-- Try it --
Your answer must hold only the lines below from the line containing "Locate the pedestrian" through the line containing "And the pedestrian (1251,632,1296,710).", each reproduced exactly.

-- Supplied information --
::::

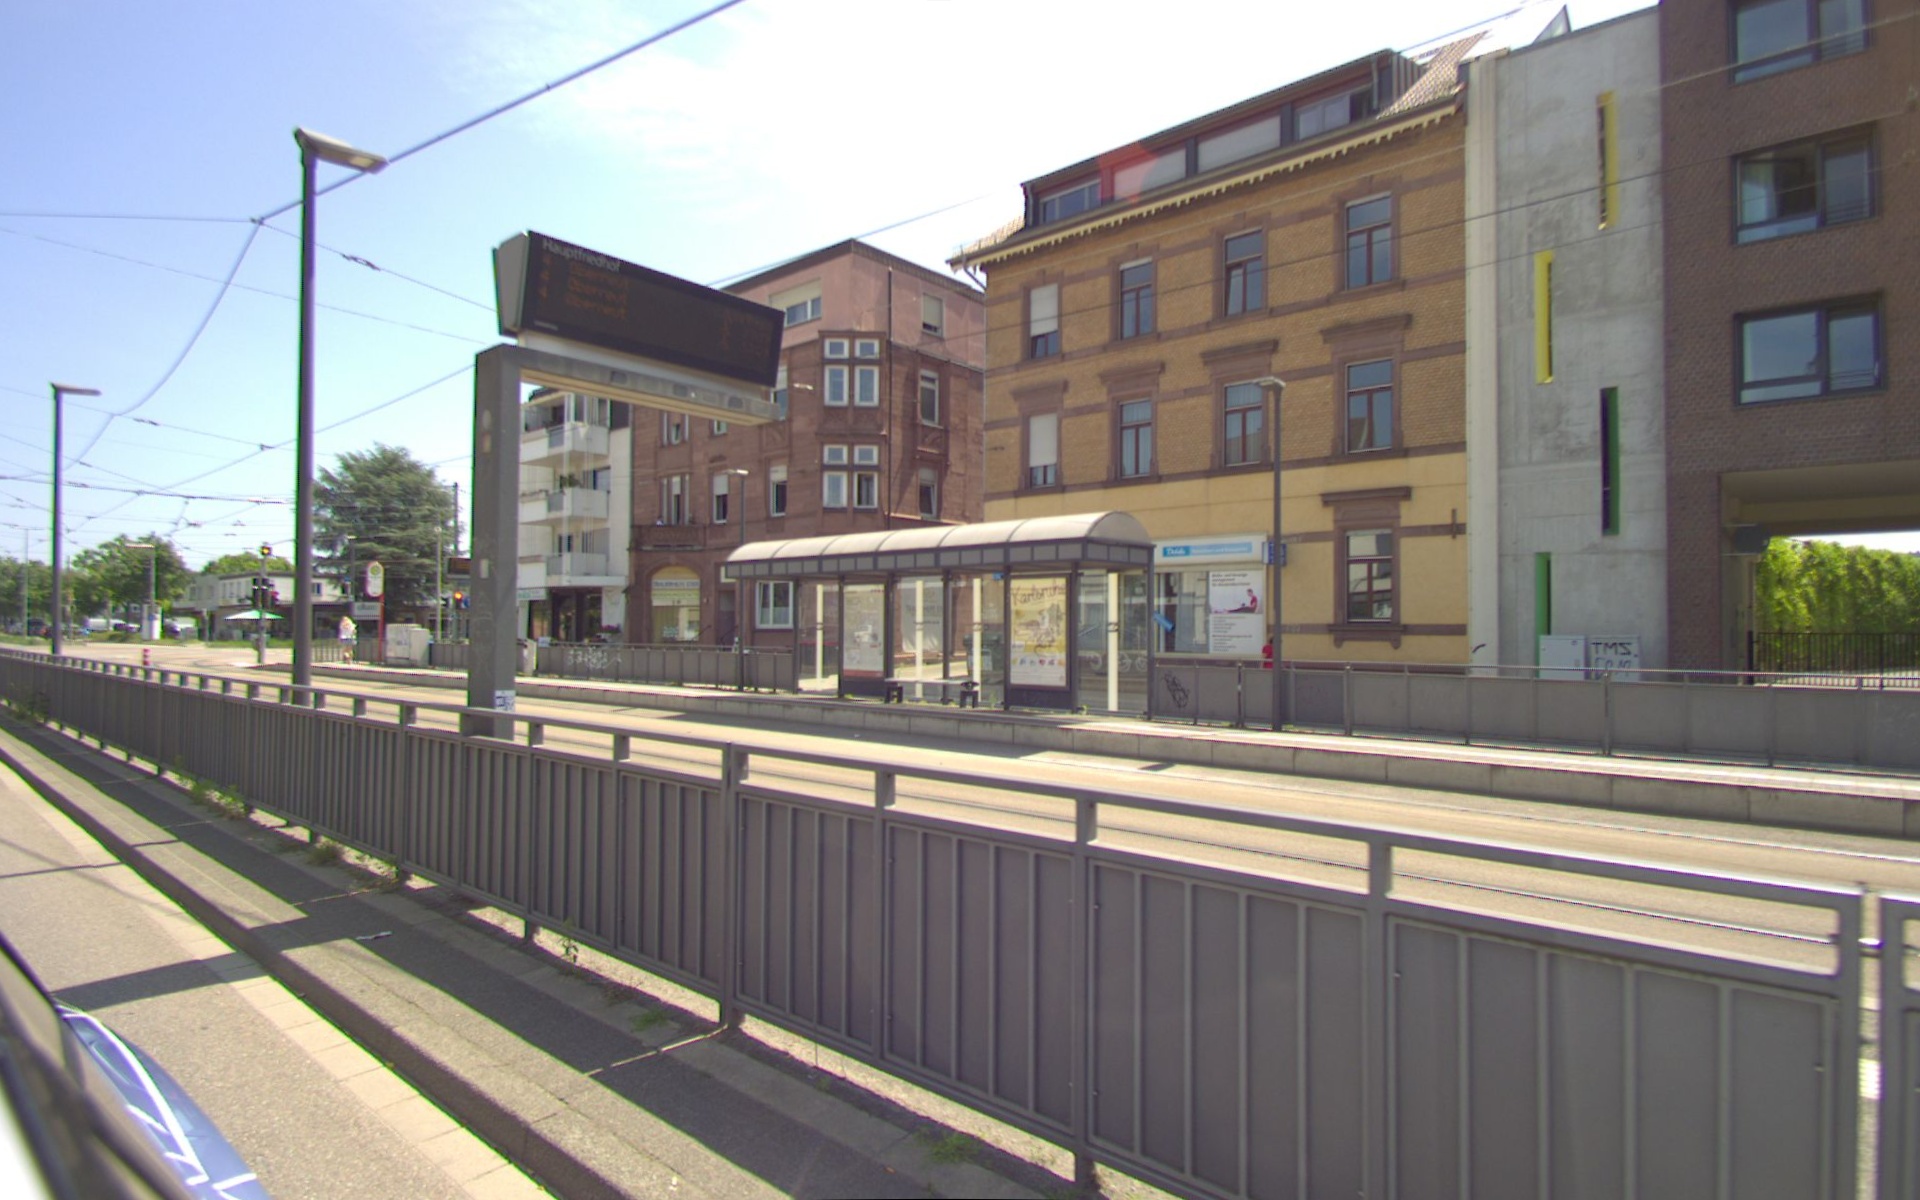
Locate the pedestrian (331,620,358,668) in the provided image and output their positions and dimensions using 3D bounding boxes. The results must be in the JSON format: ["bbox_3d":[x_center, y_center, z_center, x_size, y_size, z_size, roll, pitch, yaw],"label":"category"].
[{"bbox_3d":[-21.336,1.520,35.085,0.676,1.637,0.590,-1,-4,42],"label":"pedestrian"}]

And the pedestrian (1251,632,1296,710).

::::

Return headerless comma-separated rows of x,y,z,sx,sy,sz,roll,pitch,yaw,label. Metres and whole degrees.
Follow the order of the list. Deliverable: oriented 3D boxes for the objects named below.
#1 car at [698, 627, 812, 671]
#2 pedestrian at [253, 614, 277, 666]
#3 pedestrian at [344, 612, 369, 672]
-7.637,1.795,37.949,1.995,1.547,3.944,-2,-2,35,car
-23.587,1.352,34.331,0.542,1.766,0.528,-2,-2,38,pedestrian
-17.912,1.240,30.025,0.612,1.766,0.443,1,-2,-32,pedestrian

::::

-- Result for this task --
Locate the pedestrian (331,620,358,668) in the provided image and output their positions and dimensions using 3D bounding boxes. The results must be in the JSON format: ["bbox_3d":[x_center, y_center, z_center, x_size, y_size, z_size, roll, pitch, yaw],"label":"category"].
[{"bbox_3d":[-21.336,1.520,35.085,0.676,1.637,0.590,-1,-4,42],"label":"pedestrian"}]

And the pedestrian (1251,632,1296,710).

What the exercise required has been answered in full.